36. O único país que jogou todas as Copas

Este é um recorde de regularidade absoluto: o Brasil 🇧🇷 é a única seleção do planeta a participar de absolutamente todas as edições da Copa do Mundo desde 1930. Nenhuma outra nação conseguiu se classificar para todos os torneios sem falhar em eliminatórias ou boicotar edições.

37. Erguer a taça em três décadas diferentes? Quase.

Embora ninguém tenha erguido a taça em três décadas, o goleiro italiano Dino Zoff estabeleceu um recorde de capitania e longevidade ao erguer a taça em 1982 com 40 anos, 4 meses e 13 dias. Ele continua sendo o capitão mais velho a se sagrar campeão mundial na história.

38. A maior invencibilidade da história das Copas

A seleção que passou mais tempo sem saber o que é perder em uma Copa do Mundo foi o Brasil 🇧🇷, entre as edições de 1958 e 1966. Foram 13 jogos seguidos de invencibilidade (11 vitórias e 2 empates), sequência que começou na estreia de 1958 e só foi quebrada na fase de grupos de 1966, ao perder por 3 a 1 para a Hungria.

39. O primeiro exame antidoping positivo

O controle de dopagem foi introduzido pela FIFA em 1968 (em testes) e aplicado de fato na Copa de 1970. No entanto, o primeiro caso positivo só aconteceu na Copa de 1974, na Alemanha. O atacante haitiano Ernst Jean-Joseph testou positivo para efedrina. Relatos da época apontam que, ao descobrir o resultado, a própria comissão técnica do Haiti agrediu o jogador no hotel antes de mandá-lo de volta para o país.

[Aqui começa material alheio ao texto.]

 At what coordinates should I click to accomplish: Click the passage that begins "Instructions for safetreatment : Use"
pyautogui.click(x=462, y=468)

40. Duas seleções do mesmo país? E no mesmo grupo!

Sim, teve isso! Na Copa de 1974, a geopolítica da Guerra Fria invadiu as quatro linhas de forma explícita. O sorteio colocou no mesmo grupo a Alemanha Ocidental (ocidental/capitalista) e a Alemanha Oriental (oriental/comunista). O jogo histórico aconteceu em Hamburgo, e a Alemanha Oriental venceu por 1 a 0 com um gol antológico de Jürgen Sparwasser. Apesar da derrota política e moral no clássico, a Alemanha Ocidental acabou se recuperando e vencendo aquela Copa.

41. A Copa de 1930 foi a única sem eliminatórias

A primeira Copa do Mundo, realizada no Uruguai, teve apenas 13 seleções e nenhuma fase classificatória. Os países participantes foram convidados pela FIFA. Muitos europeus recusaram o convite devido ao custo e ao longo tempo de viagem de navio até a América do Sul.

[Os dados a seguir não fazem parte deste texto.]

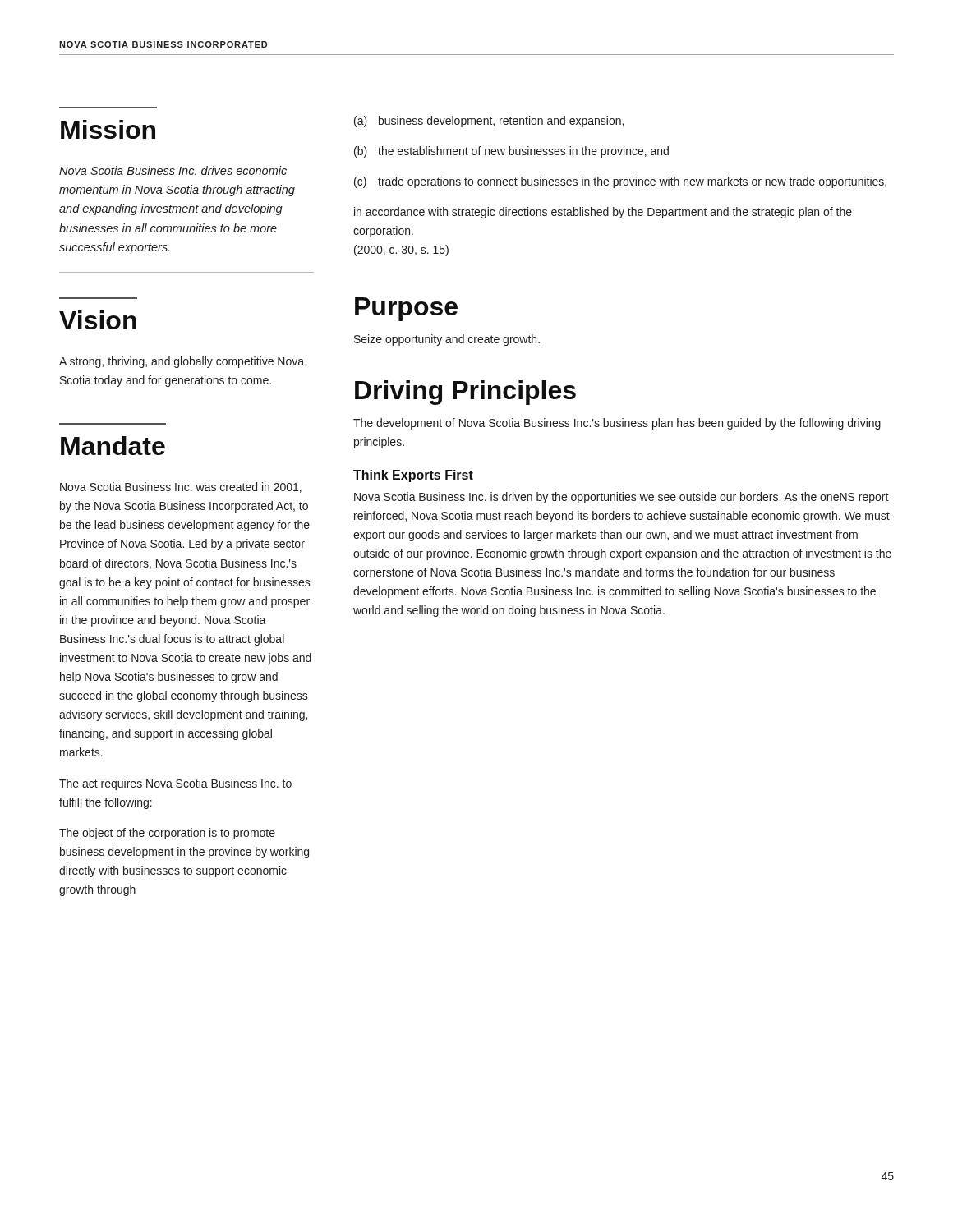
Task: Select the text block with the text "in accordance with strategic directions established by"
Action: 603,213

42. O Maracanazzo não foi uma final

Muita gente pensa que Brasil x Uruguai foi a final da Copa de 1950, mas tecnicamente não foi. O torneio foi decidido por um quadrangular final entre Brasil, Uruguai, Espanha e Suécia. O último jogo acabou funcionando como uma final porque os dois líderes se enfrentaram na rodada decisiva.

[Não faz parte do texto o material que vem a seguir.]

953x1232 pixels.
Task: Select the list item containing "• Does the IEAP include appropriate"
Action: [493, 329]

43. O Brasil dos extremos na primeira Copa

Na primeira edição do Mundial, em 1930, o brasileiro Carvalho Leite tornou-se o jogador mais jovem do torneio, com apenas 18 anos e 65 dias. Já o árbitro brasileiro Gilberto Almeida Rêgo era o mais velho da competição, com 49 anos. Uma coincidência curiosa para a delegação brasileira.

44. A Copa do Mundo quase não existiu

Antes de 1930, a FIFA tentou criar um campeonato mundial em 1906, mas não encontrou interessados para sediar o evento. Foram necessários mais de 20 anos até que o projeto finalmente saísse do papel no Uruguai.

45. Nenhuma Copa teve mais gols que a de 2022. Por enquanto…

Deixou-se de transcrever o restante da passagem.